No French composer responded more delightfully to the orientalism of David than Georges Bizet (1838-1875) in his earlier works. His Pêcheurs de Perles (1863) tells the loves of two Cingalese pearl fishers for the priestess Leila. It had but a short run, though its dreamy melodies are enchanting. Several of its forceful dramatic scenes foreshadow the power and variety of Carmen. His second opera La jolie fille de Perth (1867), a tuneful and effective work, was based upon one of Sir Walter Scott’s novels; but in Djamileh (1872), his third opera, he returned to an Eastern subject. This was the most original effort he had thus far made, and it was thought so advanced at the time of its production, that accusations of Wagnerism—at that time anything but praise in Paris—were hurled at the composer. He was more fortunate in the incidental music he wrote for Alphonse Daudet’s drama L’Arlésienne, which is still a favorite in the concert hall.

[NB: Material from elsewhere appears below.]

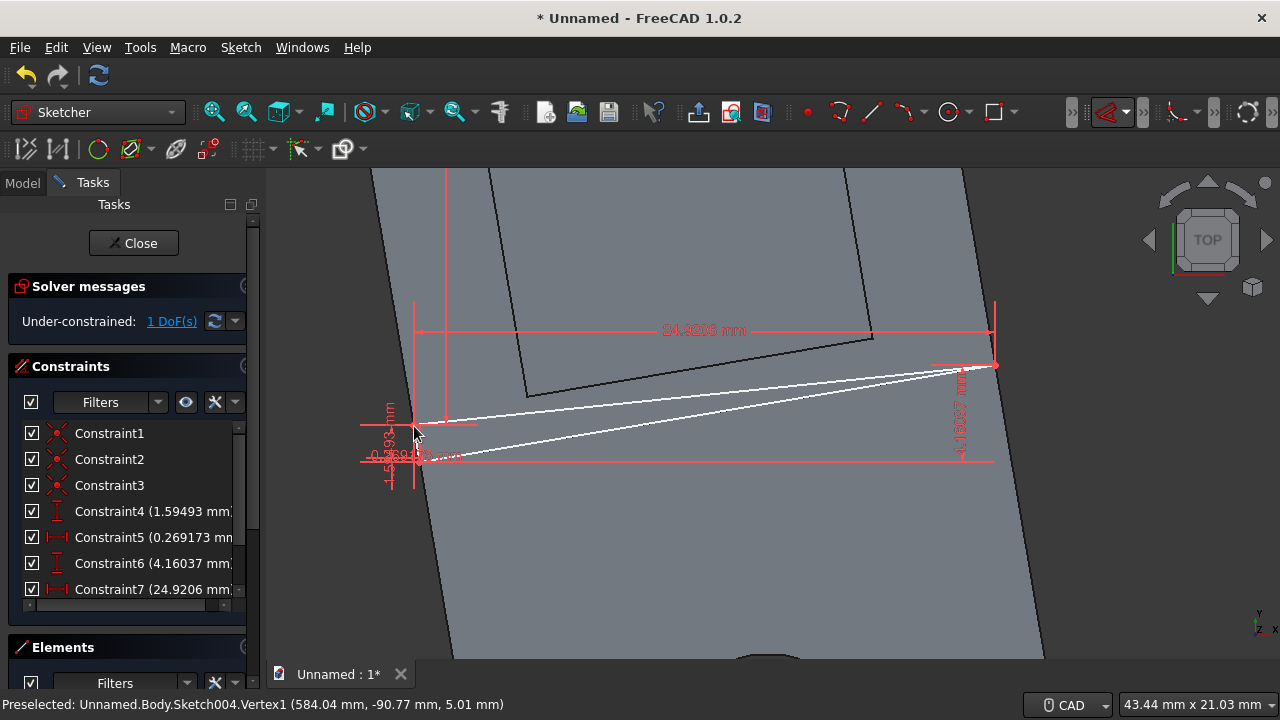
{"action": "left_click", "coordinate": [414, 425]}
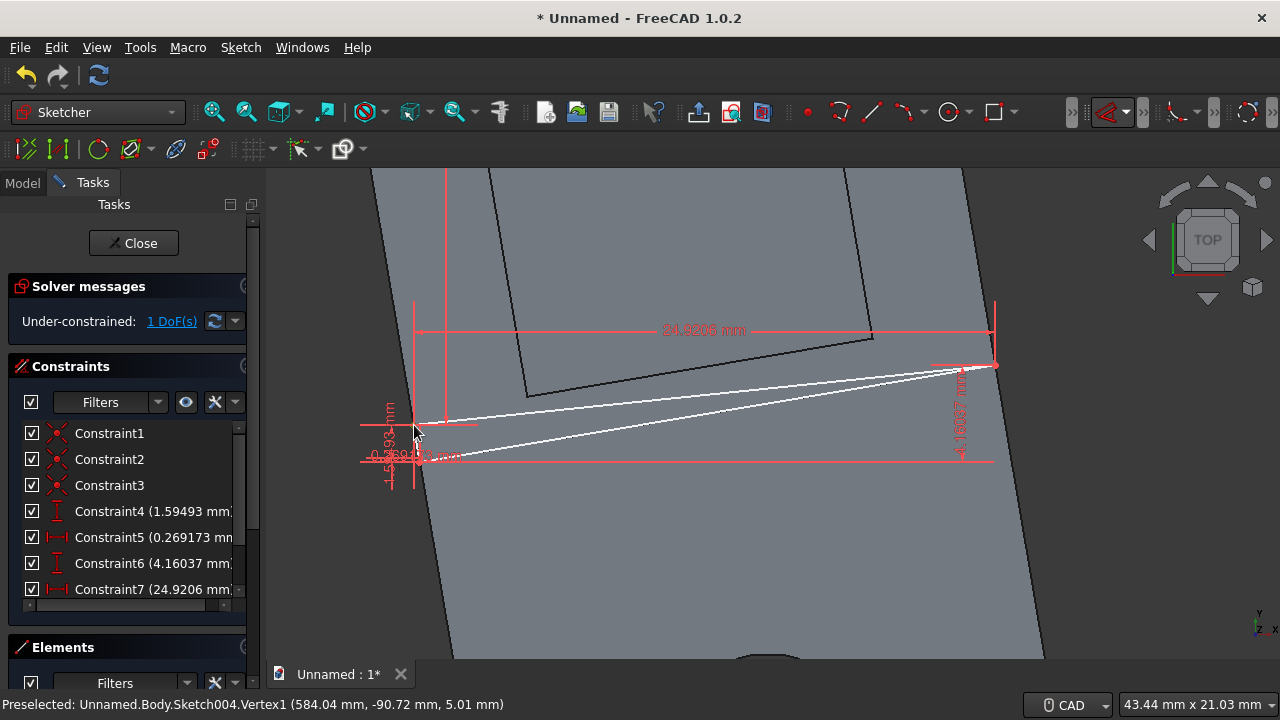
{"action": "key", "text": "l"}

It has been said that the quality of Bizet’s operatic work, like that of Gluck, depended in a measure on the value of his book. He was indeed fortunate in the libretto of Carmen, adapted from Prosper Merimée’s celebrated study of Spanish gypsy character, by Meilhac and Ludovic Halévy, the best librettists of their day. The dramatic element in the story as written was hidden by much descriptive analysis, but by discarding this the authors produced one of the most famous libretti in the whole range of opera. Carmen was brought out at the Opéra Comique in 1875. Bizet’s occasional use of the Wagnerian leading motive was perhaps responsible for some of the coldness with which the work was originally received. Its passionate force was dubbed brutality, though we now know that it is a most fine artistic feeling which makes the score of Carmen what it is. Carmen was to Bizet what Der Freischütz was to Weber. It represents the absolute harmony of the composer with his work. In modern opera of real artistic importance it is the perfect model of the lyric song-play type, and as such it has exercised a great influence on dramatic music. It is in every way a masterpiece. The libretto is admirably concise and well balanced, the music full of a lasting vitality, the orchestration brilliant. Unhappily, only three months after its production in Paris the genial composer died suddenly of heart trouble. His early death—he was no more than thirty-seven—robbed the French school of one of its brightest ornaments, one who had infused in the drame lyrique of Gounod and Thomas the vivifying breath of dramatic truth. The later development of French operatic romanticism in Massenet and others, as well as Saint-Saëns’ revival of the classic model, are more fitly reserved for future consideration. Our present object has been to describe the development of the drame lyrique out of the older comic opera, and in a manner this culminates in Carmen.

IV

We have still to give an account of the development of the opéra comique in another direction—that of farcical comedy, a task which falls well within the chronological limits of this chapter. One reason for the gradual approximation of the opéra comique to the drame lyrique and grand opera, quite aside from the influence of romanticism, lay in the appearance of the opéra bouffe, representing parody, not sentiment. For if the opéra comique and drame lyrique of the first three quarters of the nineteenth century represented the advance of artistic taste and the preference of the musically educated for the essentially romantic rather than the merely entertaining; the opéra bouffe or farcical operetta, a small and trivial form, was the delight of the musical groundlings of the second empire, at a time when the pursuit of pleasure and the satisfaction of material wants were the great preoccupations of society; Jacques Offenbach (1819-1880) was in a sense the creator of this Parisian novelty. Though Offenbach was born of German-Jewish parents in Cologne, the greater part of his life was spent in Paris, and his music was more typically French than that of any of his French rivals. The tone of French society during the period of the Second Empire was set by the court. The court organized innumerable entertainments, banquets, reviews, and gorgeous official ceremonies which succeeded one another without interruption. Music hall songs and opéras bouffes, races and public festivals, evening restaurants and the amusements they provided, made the fame of this new Paris. And the music of the music halls and opéras bouffes was the music of Offenbach, the offspring of ‘an eccentric, rather short-kilted and disheveled Muse,’ who later assumed a soberer garb in the hands of Lecocq, Audran, and Hervé.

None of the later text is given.